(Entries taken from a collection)

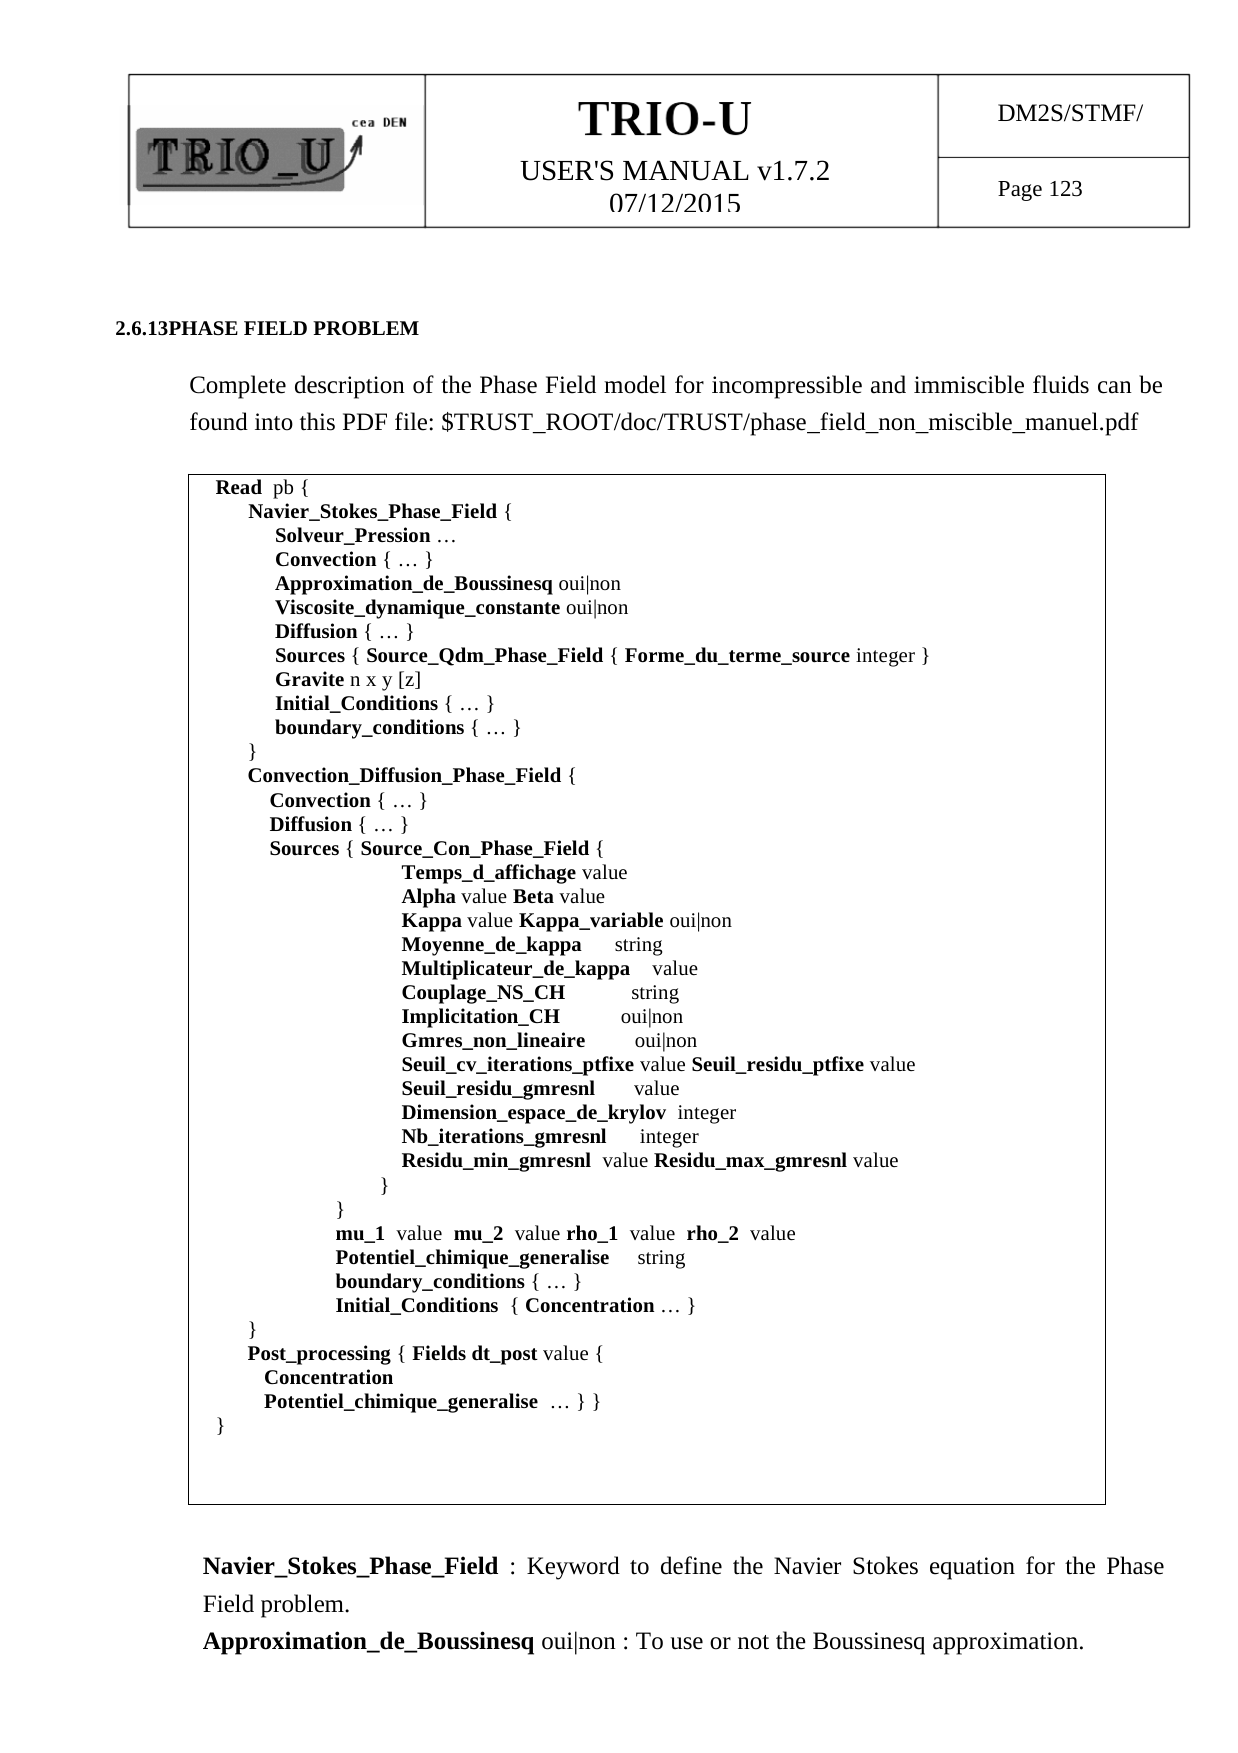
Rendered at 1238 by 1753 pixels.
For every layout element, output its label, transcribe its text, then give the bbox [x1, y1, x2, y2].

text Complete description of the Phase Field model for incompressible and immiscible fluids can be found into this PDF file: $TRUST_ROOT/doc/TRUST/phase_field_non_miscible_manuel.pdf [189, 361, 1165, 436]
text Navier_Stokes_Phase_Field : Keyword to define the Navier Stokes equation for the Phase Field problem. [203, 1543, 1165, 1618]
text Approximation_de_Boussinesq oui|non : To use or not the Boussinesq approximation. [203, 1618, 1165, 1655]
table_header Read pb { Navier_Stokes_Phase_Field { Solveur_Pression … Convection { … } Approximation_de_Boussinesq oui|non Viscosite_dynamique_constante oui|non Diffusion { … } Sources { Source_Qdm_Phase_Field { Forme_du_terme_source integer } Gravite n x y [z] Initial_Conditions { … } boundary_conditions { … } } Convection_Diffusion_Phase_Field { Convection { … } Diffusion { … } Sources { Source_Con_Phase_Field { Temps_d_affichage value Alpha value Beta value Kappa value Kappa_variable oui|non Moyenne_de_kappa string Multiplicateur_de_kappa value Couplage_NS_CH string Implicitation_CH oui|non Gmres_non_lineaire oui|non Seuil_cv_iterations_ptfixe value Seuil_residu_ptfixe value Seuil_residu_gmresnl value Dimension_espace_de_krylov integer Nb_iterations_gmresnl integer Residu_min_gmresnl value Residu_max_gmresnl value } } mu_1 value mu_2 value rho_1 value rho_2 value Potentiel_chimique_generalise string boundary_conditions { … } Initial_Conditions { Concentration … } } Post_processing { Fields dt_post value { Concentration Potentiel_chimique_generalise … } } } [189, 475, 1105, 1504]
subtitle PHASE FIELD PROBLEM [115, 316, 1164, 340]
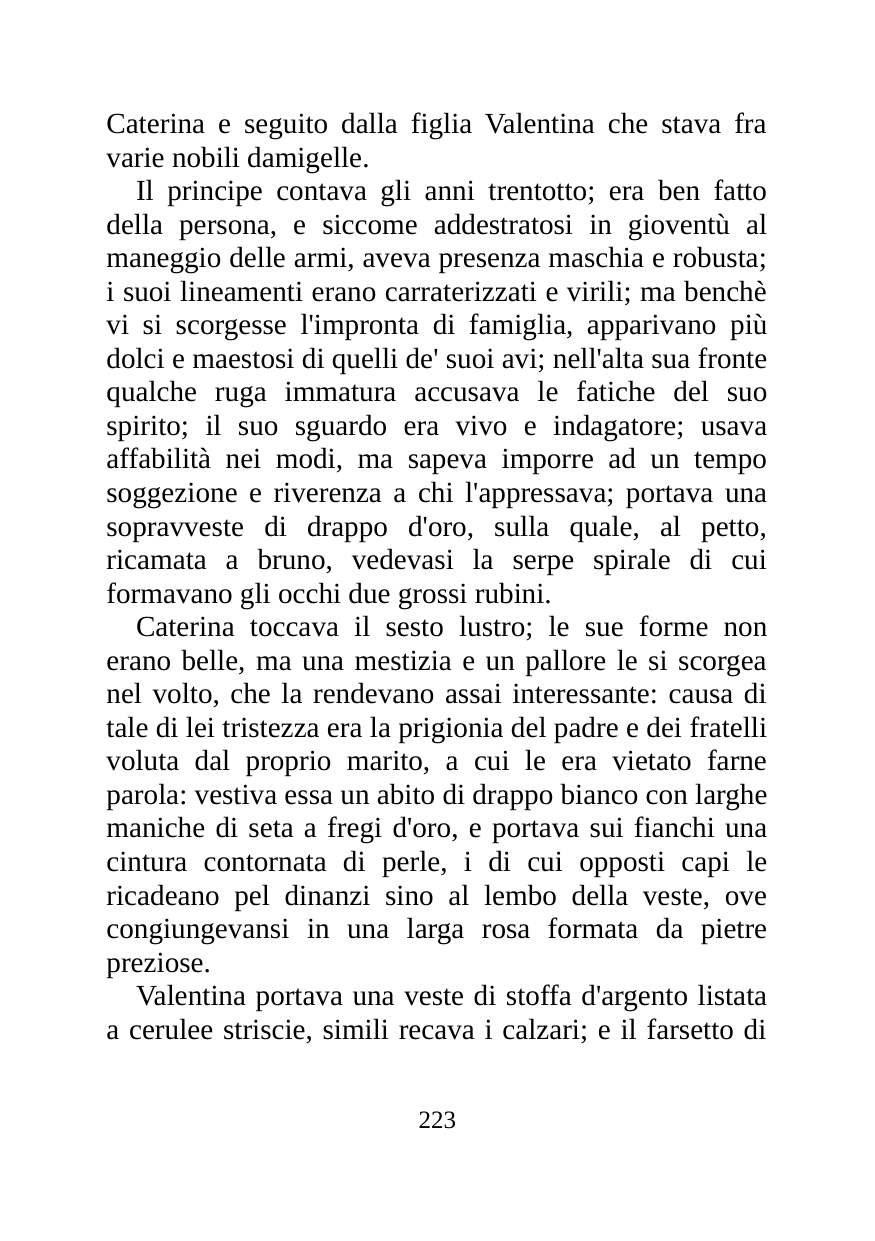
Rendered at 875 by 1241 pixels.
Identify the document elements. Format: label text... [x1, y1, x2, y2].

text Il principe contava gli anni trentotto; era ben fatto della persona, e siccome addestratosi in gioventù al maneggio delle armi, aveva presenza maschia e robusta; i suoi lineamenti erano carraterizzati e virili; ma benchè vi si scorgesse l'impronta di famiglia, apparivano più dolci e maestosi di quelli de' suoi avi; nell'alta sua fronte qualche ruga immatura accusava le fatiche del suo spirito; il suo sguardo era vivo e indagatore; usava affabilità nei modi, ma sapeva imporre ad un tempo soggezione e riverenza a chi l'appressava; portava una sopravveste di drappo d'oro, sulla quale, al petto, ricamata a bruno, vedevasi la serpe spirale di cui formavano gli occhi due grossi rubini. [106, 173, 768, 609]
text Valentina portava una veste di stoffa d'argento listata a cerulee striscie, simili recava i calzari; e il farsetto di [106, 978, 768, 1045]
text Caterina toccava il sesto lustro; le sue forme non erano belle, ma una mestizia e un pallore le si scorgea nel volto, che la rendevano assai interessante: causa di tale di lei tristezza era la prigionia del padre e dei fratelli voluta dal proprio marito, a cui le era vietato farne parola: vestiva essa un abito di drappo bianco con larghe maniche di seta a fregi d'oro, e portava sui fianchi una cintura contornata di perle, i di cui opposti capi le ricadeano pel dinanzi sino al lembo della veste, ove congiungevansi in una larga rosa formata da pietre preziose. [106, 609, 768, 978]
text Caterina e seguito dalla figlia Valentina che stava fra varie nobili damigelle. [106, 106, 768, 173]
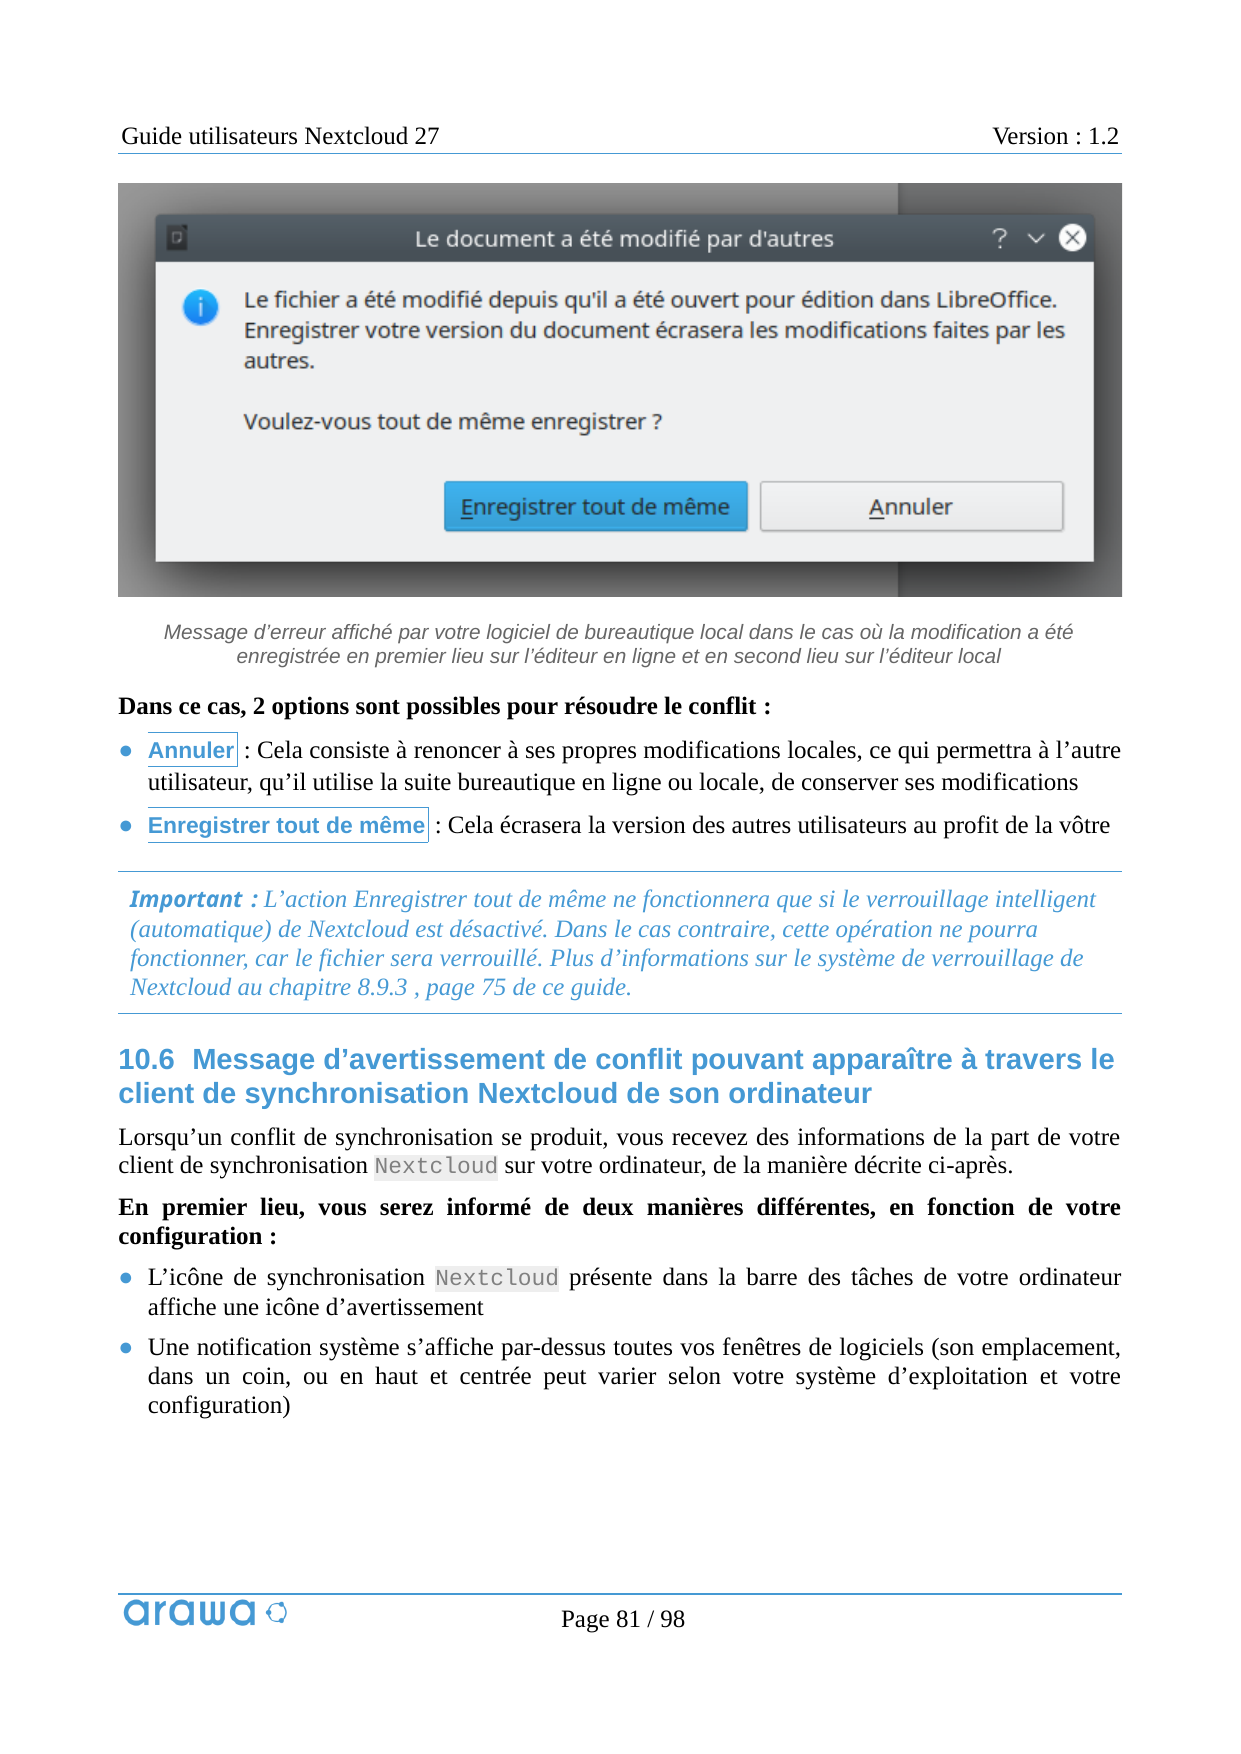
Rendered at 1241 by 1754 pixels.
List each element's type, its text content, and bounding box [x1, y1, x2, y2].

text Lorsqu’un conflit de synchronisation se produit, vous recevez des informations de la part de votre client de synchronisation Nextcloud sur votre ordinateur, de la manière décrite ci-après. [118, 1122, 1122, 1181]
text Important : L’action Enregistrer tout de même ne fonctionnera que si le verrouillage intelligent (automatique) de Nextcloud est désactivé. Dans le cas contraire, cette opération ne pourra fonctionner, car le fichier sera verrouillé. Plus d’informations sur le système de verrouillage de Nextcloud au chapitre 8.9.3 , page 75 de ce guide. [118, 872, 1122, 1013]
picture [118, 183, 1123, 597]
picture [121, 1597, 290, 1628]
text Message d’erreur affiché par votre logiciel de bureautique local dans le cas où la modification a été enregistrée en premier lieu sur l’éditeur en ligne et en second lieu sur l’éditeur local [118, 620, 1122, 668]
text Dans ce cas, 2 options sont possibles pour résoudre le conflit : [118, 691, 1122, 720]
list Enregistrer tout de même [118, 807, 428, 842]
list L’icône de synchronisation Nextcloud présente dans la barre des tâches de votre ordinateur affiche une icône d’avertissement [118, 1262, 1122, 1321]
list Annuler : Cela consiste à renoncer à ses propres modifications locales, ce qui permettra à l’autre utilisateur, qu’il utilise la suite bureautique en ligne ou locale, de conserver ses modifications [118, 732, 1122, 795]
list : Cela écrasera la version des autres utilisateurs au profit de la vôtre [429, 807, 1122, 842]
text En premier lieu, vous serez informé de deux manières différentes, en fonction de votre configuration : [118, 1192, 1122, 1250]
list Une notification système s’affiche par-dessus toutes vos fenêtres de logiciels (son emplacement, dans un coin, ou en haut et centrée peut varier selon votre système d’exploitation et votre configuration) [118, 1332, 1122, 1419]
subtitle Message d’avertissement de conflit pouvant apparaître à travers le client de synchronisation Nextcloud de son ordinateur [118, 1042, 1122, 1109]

#### [Action item]
Output the records above exactly as they are, leaving out the pictures.

#### [Answer area]
Rendered at 1238 by 1753 pixels.
For every layout element, output its label, transcribe its text, then give the bbox [x1, y1, x2, y2].

text Complete description of the Phase Field model for incompressible and immiscible fluids can be found into this PDF file: $TRUST_ROOT/doc/TRUST/phase_field_non_miscible_manuel.pdf [189, 361, 1165, 436]
text Navier_Stokes_Phase_Field : Keyword to define the Navier Stokes equation for the Phase Field problem. [203, 1543, 1165, 1618]
text Approximation_de_Boussinesq oui|non : To use or not the Boussinesq approximation. [203, 1618, 1165, 1655]
table_header Read pb { Navier_Stokes_Phase_Field { Solveur_Pression … Convection { … } Approximation_de_Boussinesq oui|non Viscosite_dynamique_constante oui|non Diffusion { … } Sources { Source_Qdm_Phase_Field { Forme_du_terme_source integer } Gravite n x y [z] Initial_Conditions { … } boundary_conditions { … } } Convection_Diffusion_Phase_Field { Convection { … } Diffusion { … } Sources { Source_Con_Phase_Field { Temps_d_affichage value Alpha value Beta value Kappa value Kappa_variable oui|non Moyenne_de_kappa string Multiplicateur_de_kappa value Couplage_NS_CH string Implicitation_CH oui|non Gmres_non_lineaire oui|non Seuil_cv_iterations_ptfixe value Seuil_residu_ptfixe value Seuil_residu_gmresnl value Dimension_espace_de_krylov integer Nb_iterations_gmresnl integer Residu_min_gmresnl value Residu_max_gmresnl value } } mu_1 value mu_2 value rho_1 value rho_2 value Potentiel_chimique_generalise string boundary_conditions { … } Initial_Conditions { Concentration … } } Post_processing { Fields dt_post value { Concentration Potentiel_chimique_generalise … } } } [189, 475, 1105, 1504]
subtitle PHASE FIELD PROBLEM [115, 316, 1164, 340]
Rendered at 875 by 1241 pixels.
Identify the document elements. Format: label text... [x1, y1, x2, y2].

text Il principe contava gli anni trentotto; era ben fatto della persona, e siccome addestratosi in gioventù al maneggio delle armi, aveva presenza maschia e robusta; i suoi lineamenti erano carraterizzati e virili; ma benchè vi si scorgesse l'impronta di famiglia, apparivano più dolci e maestosi di quelli de' suoi avi; nell'alta sua fronte qualche ruga immatura accusava le fatiche del suo spirito; il suo sguardo era vivo e indagatore; usava affabilità nei modi, ma sapeva imporre ad un tempo soggezione e riverenza a chi l'appressava; portava una sopravveste di drappo d'oro, sulla quale, al petto, ricamata a bruno, vedevasi la serpe spirale di cui formavano gli occhi due grossi rubini. [106, 173, 768, 609]
text Valentina portava una veste di stoffa d'argento listata a cerulee striscie, simili recava i calzari; e il farsetto di [106, 978, 768, 1045]
text Caterina toccava il sesto lustro; le sue forme non erano belle, ma una mestizia e un pallore le si scorgea nel volto, che la rendevano assai interessante: causa di tale di lei tristezza era la prigionia del padre e dei fratelli voluta dal proprio marito, a cui le era vietato farne parola: vestiva essa un abito di drappo bianco con larghe maniche di seta a fregi d'oro, e portava sui fianchi una cintura contornata di perle, i di cui opposti capi le ricadeano pel dinanzi sino al lembo della veste, ove congiungevansi in una larga rosa formata da pietre preziose. [106, 609, 768, 978]
text Caterina e seguito dalla figlia Valentina che stava fra varie nobili damigelle. [106, 106, 768, 173]
Rendered at 1241 by 1754 pixels.
List each element's type, its text content, and bounding box [x1, y1, x2, y2].

text Lorsqu’un conflit de synchronisation se produit, vous recevez des informations de la part de votre client de synchronisation Nextcloud sur votre ordinateur, de la manière décrite ci-après. [118, 1122, 1122, 1181]
text Important : L’action Enregistrer tout de même ne fonctionnera que si le verrouillage intelligent (automatique) de Nextcloud est désactivé. Dans le cas contraire, cette opération ne pourra fonctionner, car le fichier sera verrouillé. Plus d’informations sur le système de verrouillage de Nextcloud au chapitre 8.9.3 , page 75 de ce guide. [118, 872, 1122, 1013]
picture [118, 183, 1123, 597]
picture [121, 1597, 290, 1628]
text Message d’erreur affiché par votre logiciel de bureautique local dans le cas où la modification a été enregistrée en premier lieu sur l’éditeur en ligne et en second lieu sur l’éditeur local [118, 620, 1122, 668]
text Dans ce cas, 2 options sont possibles pour résoudre le conflit : [118, 691, 1122, 720]
list Enregistrer tout de même [118, 807, 428, 842]
list L’icône de synchronisation Nextcloud présente dans la barre des tâches de votre ordinateur affiche une icône d’avertissement [118, 1262, 1122, 1321]
list Annuler : Cela consiste à renoncer à ses propres modifications locales, ce qui permettra à l’autre utilisateur, qu’il utilise la suite bureautique en ligne ou locale, de conserver ses modifications [118, 732, 1122, 795]
list : Cela écrasera la version des autres utilisateurs au profit de la vôtre [429, 807, 1122, 842]
text En premier lieu, vous serez informé de deux manières différentes, en fonction de votre configuration : [118, 1192, 1122, 1250]
list Une notification système s’affiche par-dessus toutes vos fenêtres de logiciels (son emplacement, dans un coin, ou en haut et centrée peut varier selon votre système d’exploitation et votre configuration) [118, 1332, 1122, 1419]
subtitle Message d’avertissement de conflit pouvant apparaître à travers le client de synchronisation Nextcloud de son ordinateur [118, 1042, 1122, 1109]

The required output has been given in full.